Array alignment with OpenMP private arrays

Bendi1 · ‎11-07-2025

I can write serial code that ifort/ifx can vectorise. However, as soon as I put an array into an OMP private clause the compiler no longer recognises the arrays as suitable for aligned access. This makes sense since each per thread array, beyond the first, is allocated at runtime. However, it seems to me that there must be a solution to this out there. I have spent a lot of time looking for one with no joy.

Here is my minimum working example, filename align.f90,

program openmp_align_test
  use omp_lib
  implicit none
  integer, parameter :: dp = kind(1.0d0)
  integer, parameter :: n = 128
  integer :: i
  real(dp), dimension(n) :: array1, array2

  !$OMP PARALLEL DEFAULT(NONE) PRIVATE(array1, array2, i)
  ! Initialize arrays
  array1 = 1.0_dp
  array2 = 2.0_dp

  ! Simple vectorizable loop
  !$OMP DO
  do i = 1, n
     array1(i) = array1(i) + array2(i)
  end do
  !$OMP END DO
  !$OMP END PARALLEL
end program openmp_align_test

First I compiled with,

ifort -O3 -xCORE-AVX512 -align array64byte -qopt-zmm-usage=high -qopt-report=5 align.f90

note: this is without -qopenmp. In this case the three loops are fused and fully vectorised with aligned access. The optimisation report (align.optrpt) states : "estimated potential speedup: 9.450".

Then I compiled with '-qopenmp' and '-vec-threshold0',

ifort -O3 -xCORE-AVX512 -qopenmp -vec-threshold0 -align array64byte -qopt-zmm-usage=high -qopt-report=5 align.f90

Now the two initialisation loops are fused with aligned access but the addition loop is vectorised with unaligned access (without the threshold flag the compiler chose not to vectorise it). This time the report states: "estimated potential speedup: 1.920".

I have been using ifort 2021.2.0 but would be very happy with ifx only solutions.

Finally, here are some more details on what I am trying to achieve beyond the minimum example above.

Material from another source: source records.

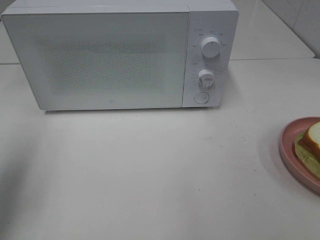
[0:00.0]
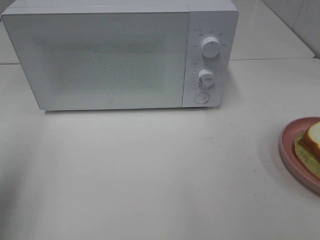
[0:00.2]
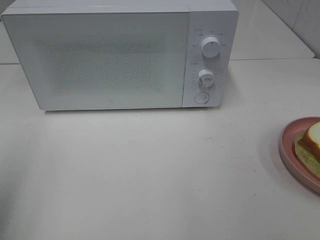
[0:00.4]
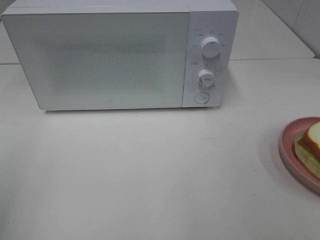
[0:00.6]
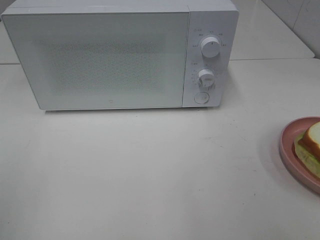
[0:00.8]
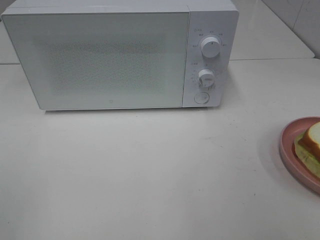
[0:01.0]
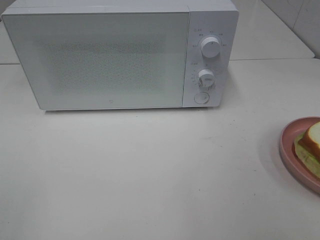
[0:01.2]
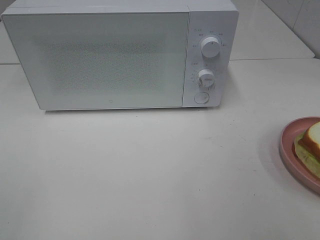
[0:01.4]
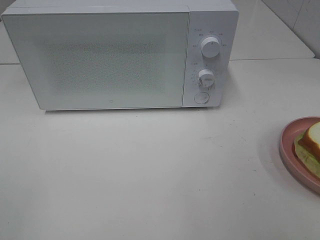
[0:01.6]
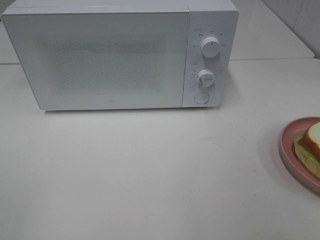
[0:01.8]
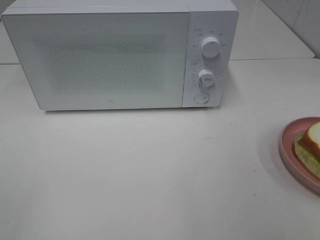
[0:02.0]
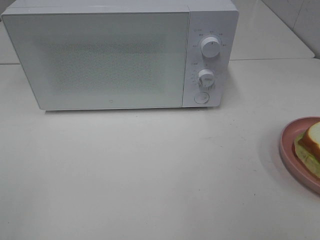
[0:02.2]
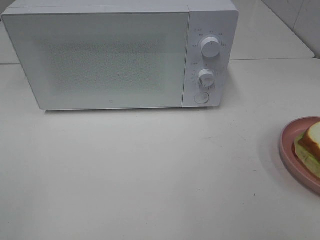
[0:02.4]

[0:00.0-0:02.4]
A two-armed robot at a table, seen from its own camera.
Task of the whole recording: Heat Sandwich.
0:00.0 to 0:01.2: The left gripper is displaced backward by roughly 20 cm.
0:01.2 to 0:02.4: Neither gripper changes place.

Making array1 and array2 allocatable or on the heap in any way is desirable. Using iso_c_binding to achieve this is less desirable.
I would prefer solutions that do not use intel specific directives. I am happy with OpenMP solutions to get the alignment right. However, it seems the OpenMP standard is ahead of most compilers when it comes to alignment.
I have tried making array1 and array2 persistent threadprivate arrays but I get worse results than declaring them in OMP private clause as above.